3) Now we can compare the two data.frames. For this example let's use a paired t-test to check whether there are differences in RER between breakfast and dinner.

```{r}
t.test(data_breakfast$RER, data_dinner$RER, paired = TRUE)
```

_Please note that this is shortened synthetic example data, so the "dinner" is actually 15min after the "breakfast". This code is just to demonstrate how to use the package and some helpful analysis code, so you can not draw any conclusion based on this random synthetic data that is completely unphysiological._

Some more helpful functions, you might want to use for/on your sub-dataframes:

- `add_relative_time(dataframe)` - Renumbers _relative_time_ column starting from 0. Might be more intuitive for further use. Example: `data_dinner <- add_relative_time(data_dinner)`
- `cut_rows`- With this function you can easily create a sub-dataframe (like we did above) based on datetime values (instead of the protocol value). Example: `data_dinner <- cut_rows(data, start="2023-11-14 20:04:00", end="2023-11-14 21:04:00")`

Of course you can do these analyses batch-wise as well, the same way as above. Here an example:
```{r, eval=FALSE}
files <- list.files(folder_path, pattern = "_data\\.csv$", full.names = TRUE)
for (file in files) {
    data <- read.csv(file)
    breakfast_index <- which(data$protocol == 2)[1]
    data_breakfast <- data[breakfast_index:(breakfast_index + 59),] 
    dinner_index <- which(data$protocol == 2 & dplyr::lag(data$protocol) != 2)[2] 
    data_dinner <- data[dinner_index:(dinner_index + 59),]
    message("T-Test Result for : ", file)
    t.test(data_breakfast$RER, data_dinner$RER, paired = TRUE)
}
```

## Visualizing
Let's try to visualize the data highlighted by the protocol.
```{r}
example_csv <- system.file("extdata", "example.csv", package = "wrictools") # loading example data
visualize_with_protocol(example_csv) 
```
We can see that it plotted RER (Respiratory Exchange Ratio) over time and highlighted the protocol. But what if we wanted to plot energy expenditure instead? To see all parameters we can specify, let's use `?function_name` again.

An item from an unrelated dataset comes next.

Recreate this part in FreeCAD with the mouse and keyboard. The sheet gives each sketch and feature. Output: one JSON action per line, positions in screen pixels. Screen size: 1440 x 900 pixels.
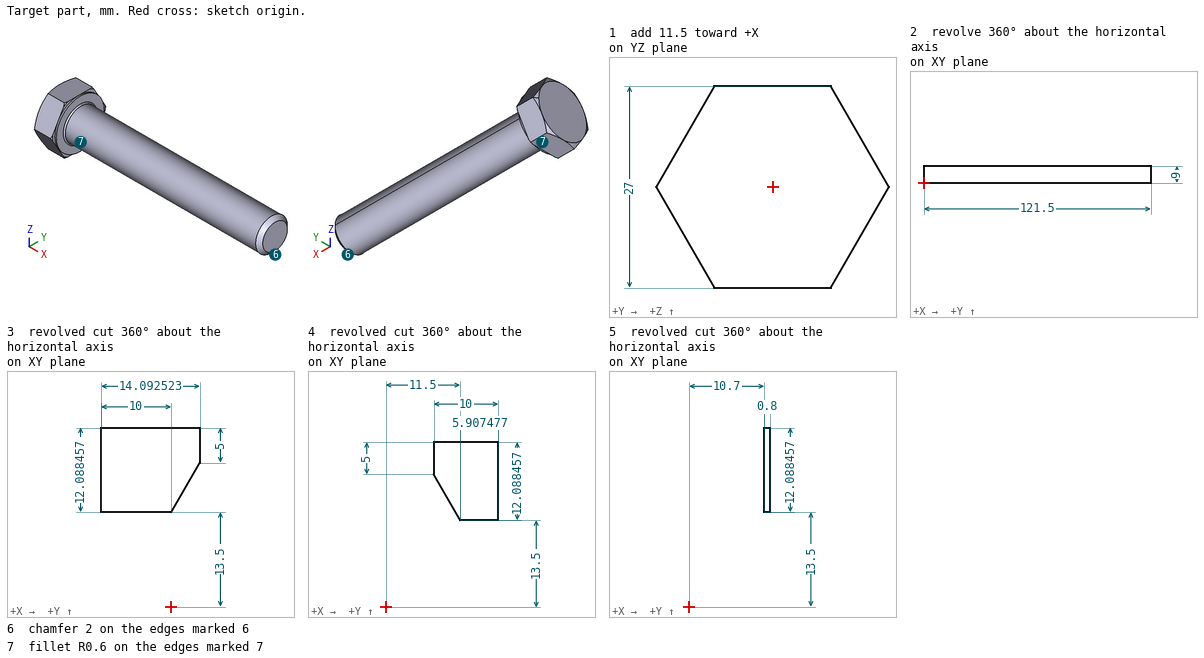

### <span style="color:green">Your Turn</span>

1) Use `?function_name` to find the parameters you can specify.
2) Try adjusting the protocol_colors_label parameters.
3) Run it on the example_csv data.


Here an example for batch processing over multiple files
```{r eval = FALSE}
# Path to the folder containing the files
folder_path <- "example_data/my_project"

# Get all files ending with "_data.csv"
csv_files <- list.files(folder_path, pattern = "_data.csv", full.names = TRUE)
dataframes <- list()

protocol_colors_labels <- data.frame(
  protocol = c(0, 1, 2, 3, 4),
  color = c("white", "purple", "#4b3302", "#48c5a6", "#d0a4c6"),
  label = c("Normal", "Something", "Nothing", "Third Thing", "?")
)

for (file in csv_files) {
  visualize_with_protocol(file, plot="Energy Expenditure (kcal/min)", 
                          protocol_colors_labels = protocol_colors_labels,
                          save_png = TRUE)
}
```


That concludes this tutorial. Now you know all basic functionalities of the package and are ready to use it in your own projects and with real data. Have fun!